··· Source material

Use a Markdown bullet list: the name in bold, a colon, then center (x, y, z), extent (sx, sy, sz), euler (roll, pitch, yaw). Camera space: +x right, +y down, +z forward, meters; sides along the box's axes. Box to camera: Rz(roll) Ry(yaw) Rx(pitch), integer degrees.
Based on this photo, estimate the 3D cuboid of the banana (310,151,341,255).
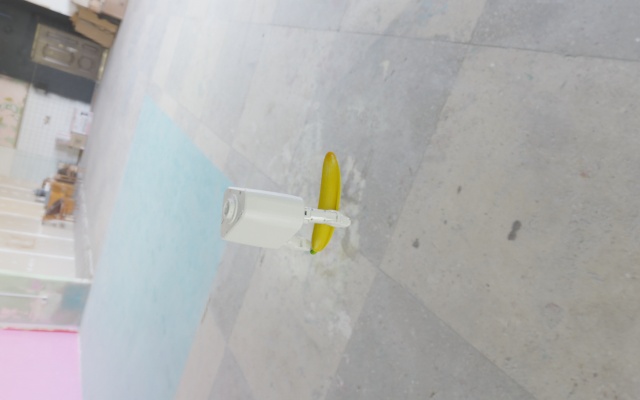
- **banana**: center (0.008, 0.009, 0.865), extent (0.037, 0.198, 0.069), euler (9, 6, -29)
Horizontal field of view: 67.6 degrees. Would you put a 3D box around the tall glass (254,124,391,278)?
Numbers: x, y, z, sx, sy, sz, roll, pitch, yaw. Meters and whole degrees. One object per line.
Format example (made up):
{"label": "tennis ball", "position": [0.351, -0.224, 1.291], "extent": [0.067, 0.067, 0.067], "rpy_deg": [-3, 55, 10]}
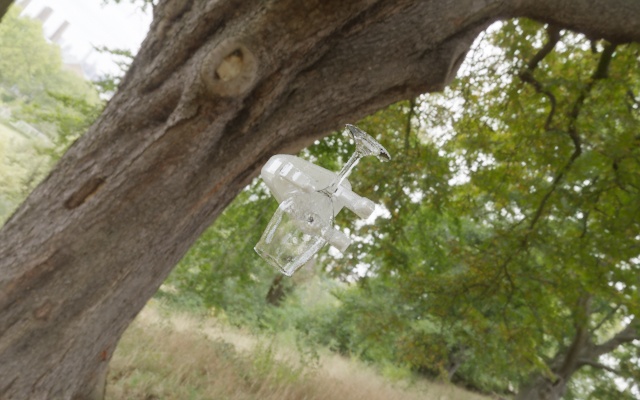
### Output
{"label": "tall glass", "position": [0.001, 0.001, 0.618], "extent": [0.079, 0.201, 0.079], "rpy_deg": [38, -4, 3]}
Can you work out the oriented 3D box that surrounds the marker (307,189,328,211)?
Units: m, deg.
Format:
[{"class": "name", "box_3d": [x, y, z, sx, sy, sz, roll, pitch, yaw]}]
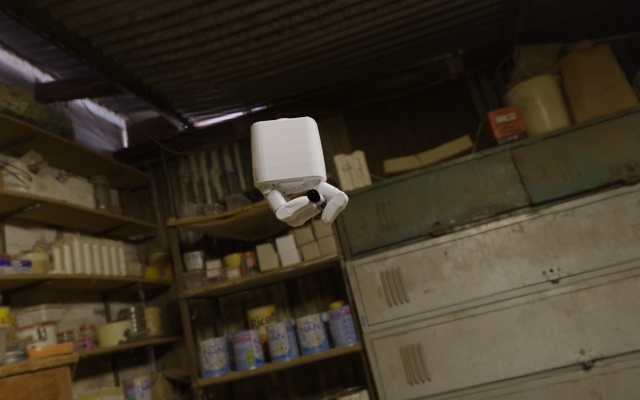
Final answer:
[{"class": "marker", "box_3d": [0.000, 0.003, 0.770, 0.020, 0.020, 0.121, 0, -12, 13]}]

······
··· Source material

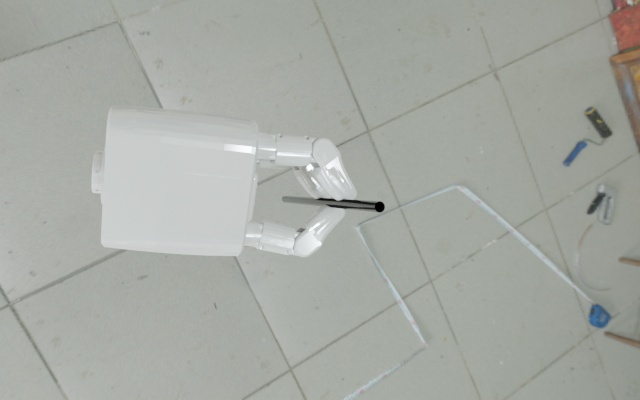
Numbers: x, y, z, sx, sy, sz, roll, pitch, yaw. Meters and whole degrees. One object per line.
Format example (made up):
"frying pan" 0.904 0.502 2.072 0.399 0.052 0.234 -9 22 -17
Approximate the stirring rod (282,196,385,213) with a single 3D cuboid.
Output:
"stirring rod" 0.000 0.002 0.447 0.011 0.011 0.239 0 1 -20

······

Work required: Only the number is needed. Say how many lines of the entries contain "name".

The completed task: 2